Eu preciso dizer. Eu te amo. E eu te traí. E eu gostei. E agora, estou em pleno caso de amor com essa outra parte de mim
Anna Ribeiro (*)
Amor, senta aqui! Eu tenho um lugar na janela pra você. Do jeito que eu sei que você gosta. Com o vento batendo no rosto, e coisa e tal. Eu sei que não devia. E pouco sei sobre os motivos pelos quais fiz o que fiz. Não me faltava nada. Desde o início você me ofereceu tudo o que eu precisava, ou achava precisar.
Você, com seus feitiços, me deixava sempre com aquele ar de Feliz por nada. Nosso começo foi tímido, ao menos da minha parte. Não havia divã melhor e mais reconfortante do que a sua casa. Nossa… É assim que eu sinto. Eu me sentia escolhida, entre doidas e santas, eu. O bilhete premiado era eu! Você sempre fez com que eu me sentisse o centro, o foco, a lâmpada, a lareira em dia frio. Preciso confessar.
Depois foi uma paixão lancinante. Uma Montanha russa.
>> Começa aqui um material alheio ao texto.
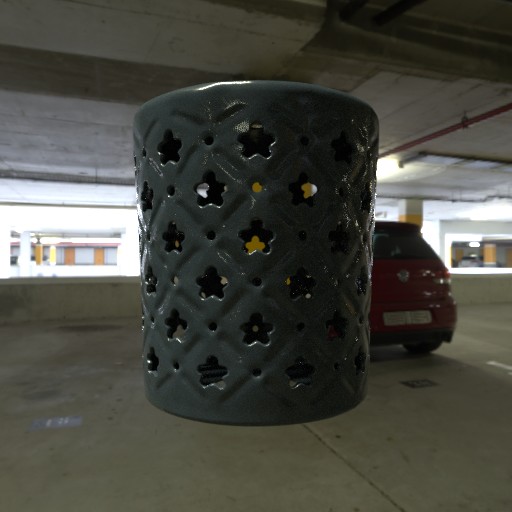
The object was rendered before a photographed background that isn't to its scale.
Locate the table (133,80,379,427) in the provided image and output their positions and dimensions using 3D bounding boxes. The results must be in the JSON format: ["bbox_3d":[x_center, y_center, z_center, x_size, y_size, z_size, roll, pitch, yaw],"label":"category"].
[{"bbox_3d":[0.000,0.000,0.649,0.352,0.387,0.352,0,-1,0],"label":"table"}]
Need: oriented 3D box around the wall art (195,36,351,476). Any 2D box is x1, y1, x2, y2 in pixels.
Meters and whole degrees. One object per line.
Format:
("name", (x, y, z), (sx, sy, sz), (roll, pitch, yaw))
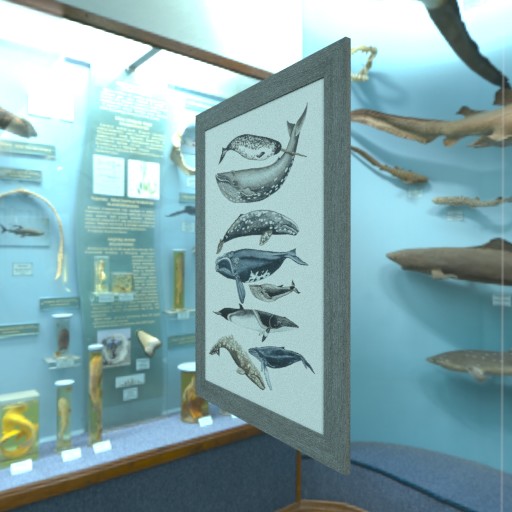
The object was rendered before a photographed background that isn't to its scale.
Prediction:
("wall art", (0.000, 0.000, 1.396), (0.020, 1.070, 0.768), (0, 0, -36))
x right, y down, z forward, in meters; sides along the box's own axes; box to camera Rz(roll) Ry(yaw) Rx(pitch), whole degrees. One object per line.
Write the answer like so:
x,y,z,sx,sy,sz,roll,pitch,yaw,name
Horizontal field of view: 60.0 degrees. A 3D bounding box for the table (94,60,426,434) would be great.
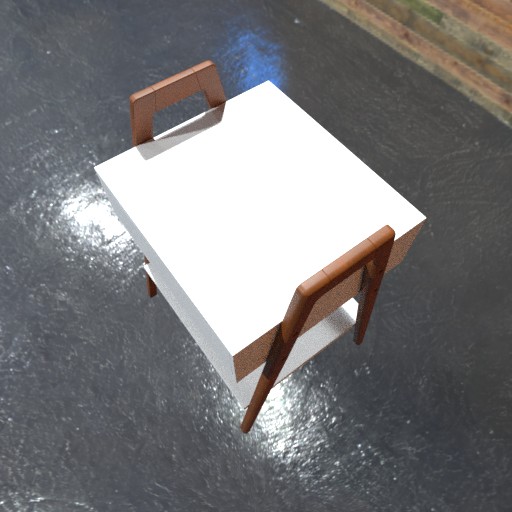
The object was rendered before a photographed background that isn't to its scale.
0.000,0.000,0.923,0.405,0.610,0.457,-33,65,-18,table
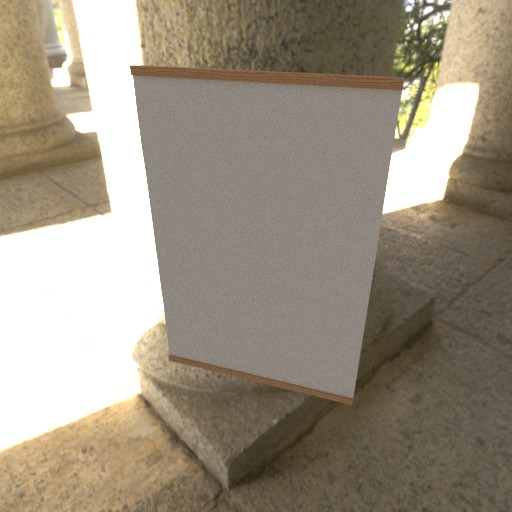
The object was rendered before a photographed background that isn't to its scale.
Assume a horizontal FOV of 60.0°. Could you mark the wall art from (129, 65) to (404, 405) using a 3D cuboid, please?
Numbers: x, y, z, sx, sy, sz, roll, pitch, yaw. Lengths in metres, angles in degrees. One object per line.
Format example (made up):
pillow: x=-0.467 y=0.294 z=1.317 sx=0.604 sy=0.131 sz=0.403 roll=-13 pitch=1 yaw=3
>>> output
wall art: x=0.000 y=0.000 z=1.958 sx=1.011 sy=1.521 sz=0.025 roll=9 pitch=32 yaw=15
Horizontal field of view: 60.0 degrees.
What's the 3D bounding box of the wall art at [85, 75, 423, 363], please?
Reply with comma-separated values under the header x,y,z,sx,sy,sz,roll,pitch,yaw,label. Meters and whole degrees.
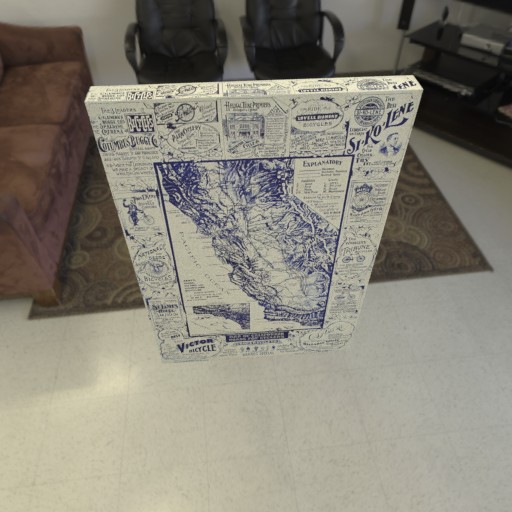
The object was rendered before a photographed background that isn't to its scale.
x,y,z,sx,sy,sz,roll,pitch,yaw,label
0.000,0.000,0.762,0.408,0.601,0.040,-3,47,-3,wall art
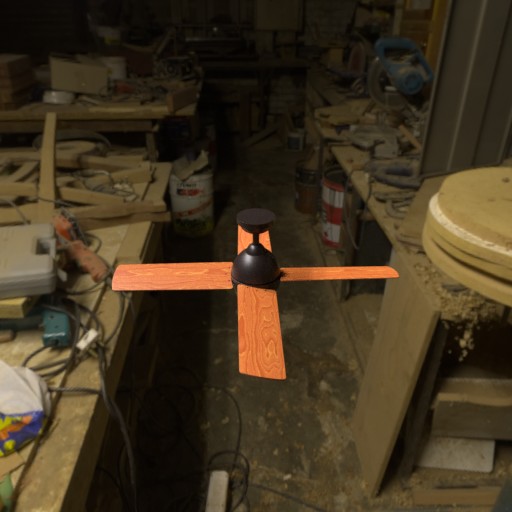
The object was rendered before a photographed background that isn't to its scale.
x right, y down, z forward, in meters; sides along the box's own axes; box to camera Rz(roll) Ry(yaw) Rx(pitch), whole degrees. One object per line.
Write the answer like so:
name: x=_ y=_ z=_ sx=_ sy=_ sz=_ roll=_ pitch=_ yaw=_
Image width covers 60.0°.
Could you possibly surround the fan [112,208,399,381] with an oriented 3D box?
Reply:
fan: x=0.000 y=0.000 z=2.042 sx=1.332 sy=0.403 sz=1.332 roll=-1 pitch=30 yaw=-2

Eu tinha você como quem tem uma doença crônica e ao mesmo tempo aguda. Paixão desenfreada. Um vício. Dormia e acordava contigo e queria sempre mais de ti. Braços estendidos em sua direção. Me toma, me tira pra dança, me alcança a tua lança e eu mesma me sacrifico. Preciso confessar.
Tentava entrar na sua mente, sentir o que você sentia, pensar com sua voracidade e ser meio por cento leve e profunda como você. Aos poucos fui me dando conta do quanto era grande essa minha necessidade de ouvir você, escutar seus passos nos corredores de casa. Até a lágrima caída por culpa sua era mais espessa, mais quente. Mais.
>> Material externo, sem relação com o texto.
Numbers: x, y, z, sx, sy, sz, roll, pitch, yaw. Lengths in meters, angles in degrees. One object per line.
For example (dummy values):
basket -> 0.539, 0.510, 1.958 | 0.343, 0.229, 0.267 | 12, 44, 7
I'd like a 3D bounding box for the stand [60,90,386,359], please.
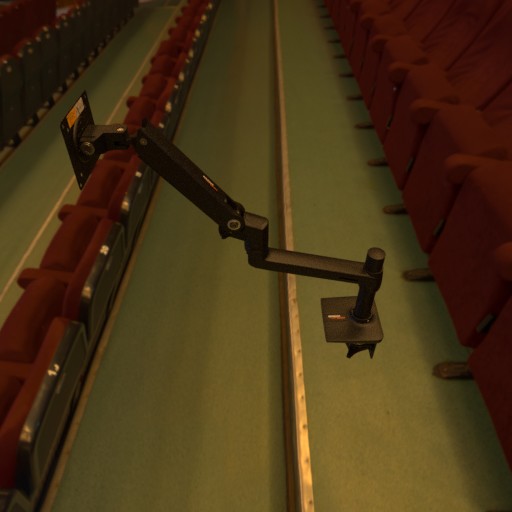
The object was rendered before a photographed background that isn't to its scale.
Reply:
stand -> 0.000, 0.000, 1.021 | 0.650, 0.713, 0.152 | 0, 42, 0
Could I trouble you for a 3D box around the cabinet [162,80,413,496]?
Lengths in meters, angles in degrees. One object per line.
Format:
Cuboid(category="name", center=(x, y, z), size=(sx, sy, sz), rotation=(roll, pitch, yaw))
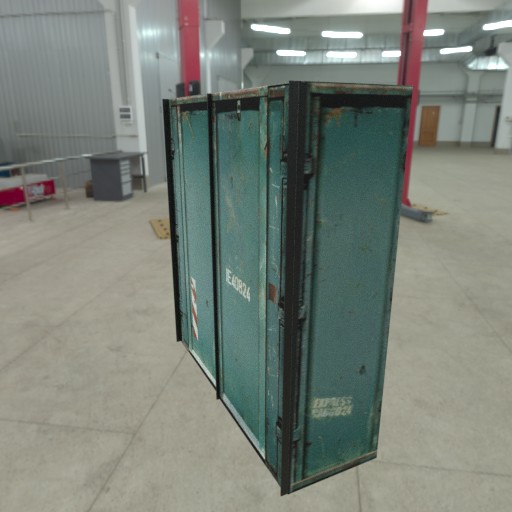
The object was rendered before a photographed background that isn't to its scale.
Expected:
Cuboid(category="cabinet", center=(0.000, 0.000, 3.141), size=(0.680, 2.160, 2.000), rotation=(-8, 19, -25))
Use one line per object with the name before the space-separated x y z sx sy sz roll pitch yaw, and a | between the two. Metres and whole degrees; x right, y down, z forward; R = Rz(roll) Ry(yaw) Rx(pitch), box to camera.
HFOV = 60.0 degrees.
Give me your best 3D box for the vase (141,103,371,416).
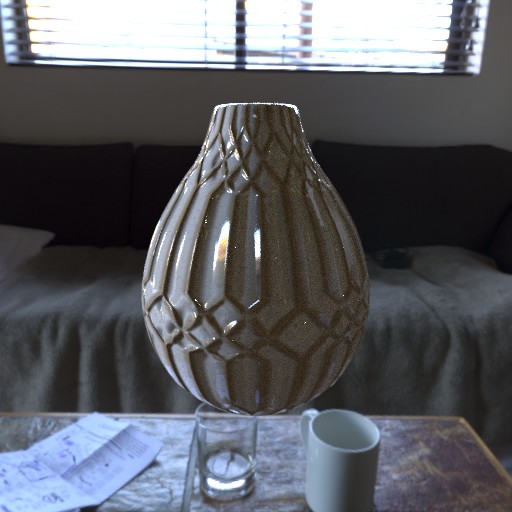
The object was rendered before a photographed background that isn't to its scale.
vase | 0.000 0.000 0.312 0.159 0.200 0.159 0 15 0
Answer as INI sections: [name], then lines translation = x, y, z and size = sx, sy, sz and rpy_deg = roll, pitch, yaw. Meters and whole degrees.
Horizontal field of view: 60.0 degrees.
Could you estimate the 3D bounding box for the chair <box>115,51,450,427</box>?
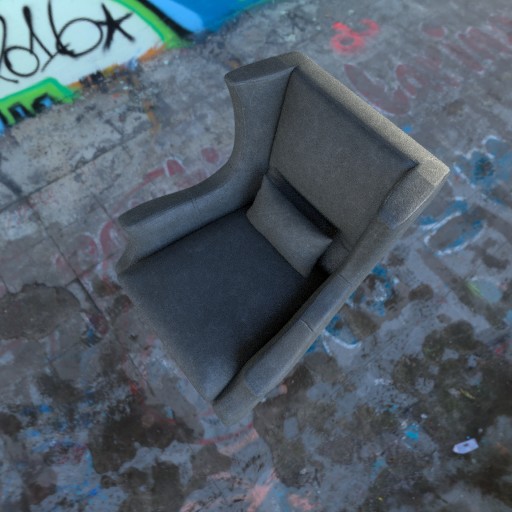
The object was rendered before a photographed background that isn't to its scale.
[chair]
translation = 0.000, 0.000, 1.684
size = 0.926, 1.016, 0.853
rpy_deg = -35, 68, -17
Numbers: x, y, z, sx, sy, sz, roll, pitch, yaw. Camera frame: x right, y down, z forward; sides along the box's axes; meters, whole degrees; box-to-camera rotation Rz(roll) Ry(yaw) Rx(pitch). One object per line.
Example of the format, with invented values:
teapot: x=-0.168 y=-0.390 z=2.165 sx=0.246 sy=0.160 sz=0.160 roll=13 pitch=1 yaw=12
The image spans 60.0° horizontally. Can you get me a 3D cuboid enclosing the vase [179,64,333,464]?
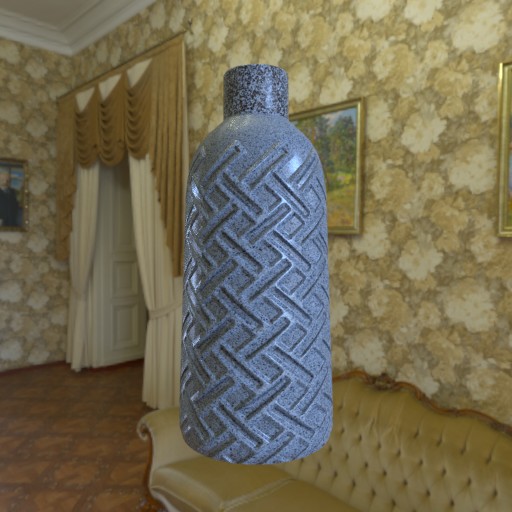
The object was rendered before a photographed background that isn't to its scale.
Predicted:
vase: x=0.000 y=0.000 z=0.352 sx=0.122 sy=0.282 sz=0.122 roll=0 pitch=2 yaw=0
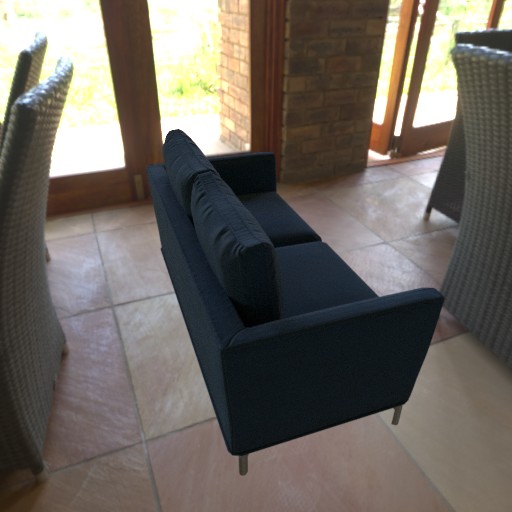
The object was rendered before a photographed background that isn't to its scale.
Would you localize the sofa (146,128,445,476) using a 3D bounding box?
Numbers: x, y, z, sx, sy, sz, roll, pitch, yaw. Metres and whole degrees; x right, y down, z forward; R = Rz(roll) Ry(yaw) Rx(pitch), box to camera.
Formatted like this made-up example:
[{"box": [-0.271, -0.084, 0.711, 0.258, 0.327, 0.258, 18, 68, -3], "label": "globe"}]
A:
[{"box": [0.000, 0.000, 2.318, 0.853, 1.002, 1.770, -10, 33, -17], "label": "sofa"}]
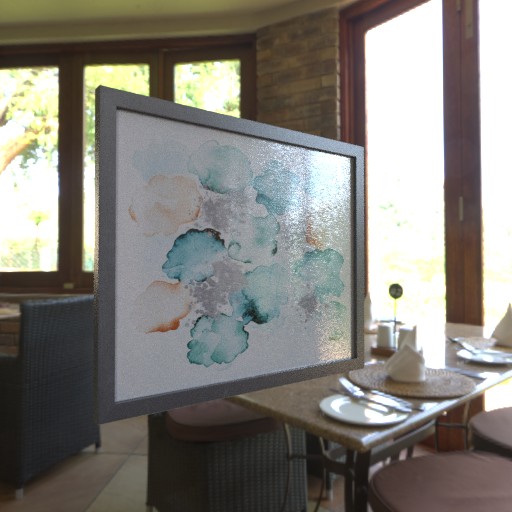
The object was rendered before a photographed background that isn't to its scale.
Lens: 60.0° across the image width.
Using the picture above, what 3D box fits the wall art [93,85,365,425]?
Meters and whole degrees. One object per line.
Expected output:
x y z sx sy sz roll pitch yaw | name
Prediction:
0.000 0.000 0.932 0.660 0.558 0.026 1 -1 -36 | wall art
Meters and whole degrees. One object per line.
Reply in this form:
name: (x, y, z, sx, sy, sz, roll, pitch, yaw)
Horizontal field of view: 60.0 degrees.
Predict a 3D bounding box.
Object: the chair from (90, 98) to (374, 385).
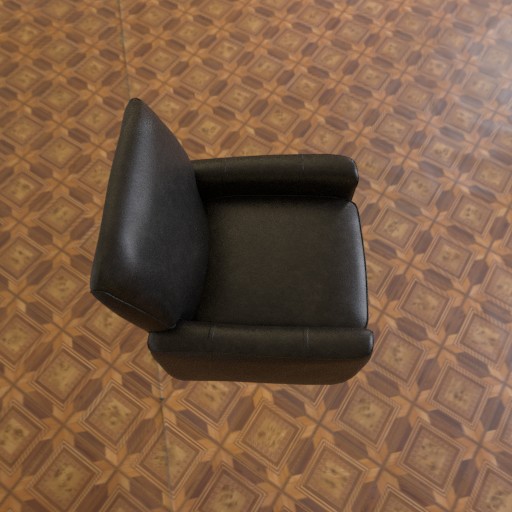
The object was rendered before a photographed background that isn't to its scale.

Escutar sua risada. A graça da coisa toda. Eu sei que deves ter-me como louca. E que fique claro: eu sou. Sou louquinha, doida varrida, doida de pedra. E minha maior loucura atende por seu nome. Preciso confessar.
Mas, aí do nada você sumia, desaparecia sem deixar rastros. E eu ficava como uma criança à espera da fada mágica. Um cão dado à adoção, mas ainda fiel e apaixonado por seu dono. Dias de cão sem você. Dias de tristeza sem você. Dias sem dia, sem você. Sem dúvida, eu ficava fora de mim toda vez que você sumia. E é por isso que eu preciso confessar.
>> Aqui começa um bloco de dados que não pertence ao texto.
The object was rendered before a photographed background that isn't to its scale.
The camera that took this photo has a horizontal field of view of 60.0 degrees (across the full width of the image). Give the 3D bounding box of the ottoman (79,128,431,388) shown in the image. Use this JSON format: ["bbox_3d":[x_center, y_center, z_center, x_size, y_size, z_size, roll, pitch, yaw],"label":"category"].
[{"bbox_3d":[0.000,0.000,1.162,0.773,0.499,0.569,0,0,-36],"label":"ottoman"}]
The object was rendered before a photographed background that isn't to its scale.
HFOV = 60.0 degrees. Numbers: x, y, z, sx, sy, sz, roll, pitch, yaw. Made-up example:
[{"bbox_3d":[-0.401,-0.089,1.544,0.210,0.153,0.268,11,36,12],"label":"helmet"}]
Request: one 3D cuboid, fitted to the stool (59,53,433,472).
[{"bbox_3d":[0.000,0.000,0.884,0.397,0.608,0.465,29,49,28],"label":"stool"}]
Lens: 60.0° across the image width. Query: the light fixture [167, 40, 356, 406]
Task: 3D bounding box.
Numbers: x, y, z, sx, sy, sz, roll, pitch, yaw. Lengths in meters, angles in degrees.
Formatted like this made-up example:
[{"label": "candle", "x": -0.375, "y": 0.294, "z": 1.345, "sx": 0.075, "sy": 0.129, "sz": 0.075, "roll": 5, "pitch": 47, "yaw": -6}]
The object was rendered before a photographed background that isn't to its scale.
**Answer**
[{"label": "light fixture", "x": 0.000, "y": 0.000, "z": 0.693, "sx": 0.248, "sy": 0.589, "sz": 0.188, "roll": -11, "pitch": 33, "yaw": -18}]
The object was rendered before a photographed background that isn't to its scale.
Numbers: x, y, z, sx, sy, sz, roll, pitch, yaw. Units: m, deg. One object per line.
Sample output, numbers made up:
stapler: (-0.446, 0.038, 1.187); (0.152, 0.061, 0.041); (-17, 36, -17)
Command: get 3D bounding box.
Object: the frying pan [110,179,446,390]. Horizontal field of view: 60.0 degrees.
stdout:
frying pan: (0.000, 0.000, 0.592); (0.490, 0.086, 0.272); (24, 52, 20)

E pouco a pouco fui desenvolvendo doenças crônicas. Entre uma taça de merlot e outra, fui fazendo meu próprio diagnóstico. Fui assinando o meu rascunho, que, a meu ver, seria o máximo que conseguiria extrair de mim. Felicidade crônica, paixão crônica, liberdade crônica? Só tristeza mesmo. Ou menos que tristeza – vazio. Profundo. Preciso te confessar.
Andava perdida entre dia e noite, descompensada me afogava em xícaras e mais xícaras de café. Ai que falta me fizeste nessas tuas lacunas impostas! Nem força para brigar contigo eu tinha. Silêncio. Puro silêncio, dentro e fora de mim. Com você era uma sinfonia só.
Confesso, às vezes eu ouvia gritos, gemidos de dor, sussurros atrevidos. Você era uma festa! Mas à tua ausência eu não poderia me acostumar. O desalinho da tua companhia me alimenta, me faz levantar de madrugada. A tua ausência me sepulta, e por isso que vou te confessar.
Até que um dia ouvi falar dela, a outra. Uma desconhecida pra mim. Só para mim no mundo, eu acho. E algo surgiu entre nós. Algo surgiu em mim. Essa outra me fascinou e passou a coexistir dentro de mim. Quanto mais a conheço mais eu quero estar com ela. Não suporto mais. Preciso confessar.
Eu preciso dizer. Eu te amo. E eu te traí. E eu gostei. E agora, estou em pleno caso de amor com essa outra parte de mim.